Già si sapeva, ma Messaggero e Huffington ci forniscono le cifre al dettaglio, che i dazi di Trump colpiranno soprattutto la Germania, prima esportatrice di alluminio, seguita da Olanda e Francia. Noi solamente quinti. Qualcuno potrebbe dire che veniamo penalizzati egualmente, ma il punto di contesa non è esclusivamente economico. Il fatto è che colpire la politica tedesca di surplus degli export commerciali significa fornire un assist di ordine politico a quei paesi del sud Europa, Italia per prima, che subiscono pesanti squilibri determinati dall’export tedesco, tali da penalizzarne investimenti, aumento del pil e, finalmente, contenimento del rapporto debito pil a prescindere dalle sofferenze che ci vorrebbero imporre i guru interessati dell’austerity.

Per questo gli Usa guardano a Roma e a chi, in quel di Roma, appare loro più distante dalle strategie berlinesi. Tutto fa brodo per Trump che, come scrive Paudice su Huffington, intende in primo luogo “mettere il Paese della Merkel spalle al muro per il surplus corrente superiore persino a quello cinese. Per capire, dal punto di vista di Washington: senza Berlino, gli Usa sarebbero in saldo positivo nei confronti dell’Europa e invece si trovano in deficit commerciale per quasi 60 miliardi, 75 solo verso la Germania”.

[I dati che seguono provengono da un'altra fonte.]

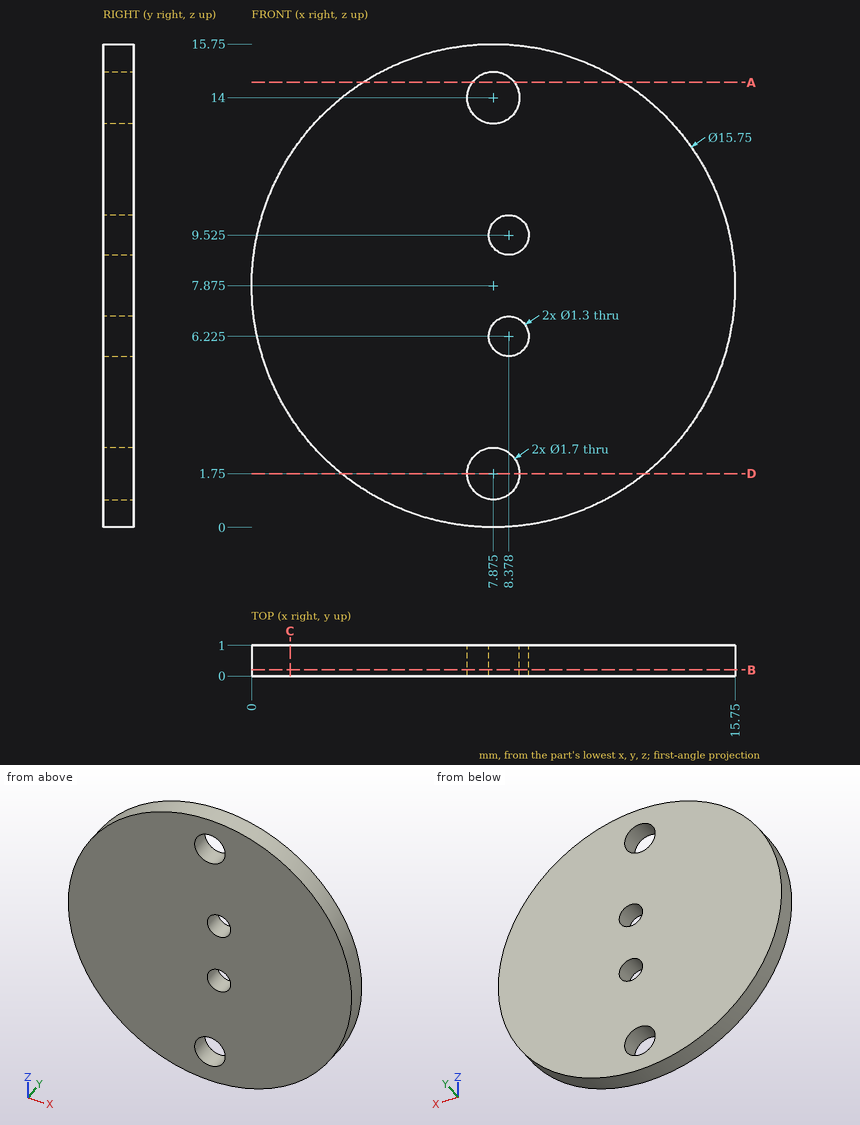
Drawing for the job (mm, zero at the part's lowest x, y, z). Coordinates: 2 decimals unless noted, no trailing zeros. Order: outer loops, then holes, each group sorted by start corner. A loop starts at its lowest first (then second) coordinate and runs counter-clockwise, first axis right, second up. Notation, with made-up numbers: (25, 43.25) - (57, 43.25) arc R32 cw to (57, 79.25) - close; hole circle Ø5 at (65.5, 82.25). An arc over 180 degrees is marked (long way). Use a Markdown table: item, result. Add a question column.
(1) Saw through at B-B (y = 0.2). Give the cut face in (x, z) (3 decimals), then the cut area to 3 significant figures.
(2) Saw through at D-D (z = 1.75). Give the cut face in (x, y) (3 decimals).
(3) Drill centre lines: line 1 along Z through (x, y) = (8.5, 0.3) (1 decimal); line 2 along X through (y, z) = (0.4, 8); line 3 along X through (y, z) = (0.35, 10) (1 decimal). Where is each one in solid material? Low to high. Write a range as [from, to].
(4) Flat gauge pin, fed straight in: pin 1 (1.4 mm diameter, centred on x = 7.875, z = 1.75, fed in from -Y). Where does the tip first touch, or does it go through?
(5) Saw through at C-C (x = 1.25). Give the cut face in (y, z).
(6) Saw through at A-A (z = 14.5). Give the cut face in (x, y), then the cut area to 3 significant figures.
Solved:
| question | item | result |
|---|---|---|
| 1 | outline | circle Ø15.75 at (7.875, 7.875); hole circle Ø1.7 at (7.875, 1.75); hole circle Ø1.7 at (7.875, 14); hole circle Ø1.3 at (8.378, 6.225); hole circle Ø1.3 at (8.378, 9.525) |
| 1 | area | 188 mm² |
| 2 | outline | (2.925, 0) - (7.025, 0) - (7.025, 1) - (2.925, 1) - close; (8.725, 0) - (12.825, 0) - (12.825, 1) - (8.725, 1) - close |
| 3 | line 1 | z = [0, 1.2], [2.3, 5.6], [6.9, 8.9], [10.2, 13.4], [14.6, 15.7] |
| 3 | line 2 | x = [0, 15.75] |
| 3 | line 3 | x = [0.3, 7.9], [8.8, 15.5] |
| 4 | pin 1 | passes through |
| 5 | outline | (0, 3.62) - (1, 3.62) - (1, 12.13) - (0, 12.13) - close |
| 6 | outline | (3.62, 0) - (7.19, 0) - (7.19, 1) - (3.62, 1) - close; (8.56, 0) - (12.13, 0) - (12.13, 1) - (8.56, 1) - close |
| 6 | area | 7.14 mm² |

Certo può provocarci imbarazzo e persino repellenza, vedere un figuro razzista come Bannon precipitarsi in Italia e formulare considerazioni assennate sulle nostre sofferenze nella Ue, sul fatto che Berlino, mette becco nella nostra sovranità politica ed economica.
E quando la Merkel dichiara che ai dazi di Trump “L’Unione europea risponderà forte e unita”, la sensazione è invece che la Ue, per quanto si mostri compatta nelle dichiarazioni pubbliche, non riesca a nascondere un certo pessimismo sul successo della leadership tedesca, ben poco vantaggiosa pure per i suoi alleati.

Dunque se la Germania non rispetta le regole del surplus, non può pretendere che gli altri escano dal debito attraverso le sabbie mobili dell’austerity. Finché lo dice l’Italia sono solo gargarismi, ma se lo dice Washington a qualcuno cominciano a fischiare le orecchie. Con la speranza che si venga a determinare una maggiore tolleranza verso una spesa in deficit, unica risorsa veramente idonea a spingere il Pil dei Paesi più deboli.

E fu così che, negli ultimi giorni, i colloqui per il nuovo governo italiano potrebbero aver subito qualche influenza, da eventi molto più grandi di noi: se la mattina del 29 lo spread ebbe un’impennata di 43 punti in un minuto, qualcuno rileva che, nei giorni successivi, benevoli e consistenti acquisti dei nostri bot, che controbilanciarono il danno, possano essere stati effettuati da soggetti estranei alle strategie di Mario Draghi.
Della serie “s’ode a destra uno squillo di tromba, a sinistra risponde uno squillo”.

D’altronde dei colloqui svoltisi al Quirinale sappiamo solo le poche cose trapelate nei comunicati ufficiali. Quasi tutti ebbero a ritenere in un primo momento che Mattarella, innalzando il muro Cottarelli, avesse fatto il gioco di Salvini, che non avrebbe visto l’ora di trovare un pretesto per non assumersi responsabilità di governo.

Oggi, invece, Mattarella è sugli altari, come se fosse stato l’unico a intuire che Salvini di andare al governo ci teneva un sacco. Tanto che, pure di andarci, avrebbe fatto carte false, compreso il rifilare a Savona un ministero da quattro soldi e forse meno.
Strano: Salvini ci aveva convinto tutti, tranne Mattarella, che lui di andare al governo, per bruciarsi, non ci teneva.
Forse avrà cambiato idea; o forse qualcuno, molto desideroso di contare, in Italia, su di un governo amico, gliel’ha fatta cambiare dalla sera alla mattina.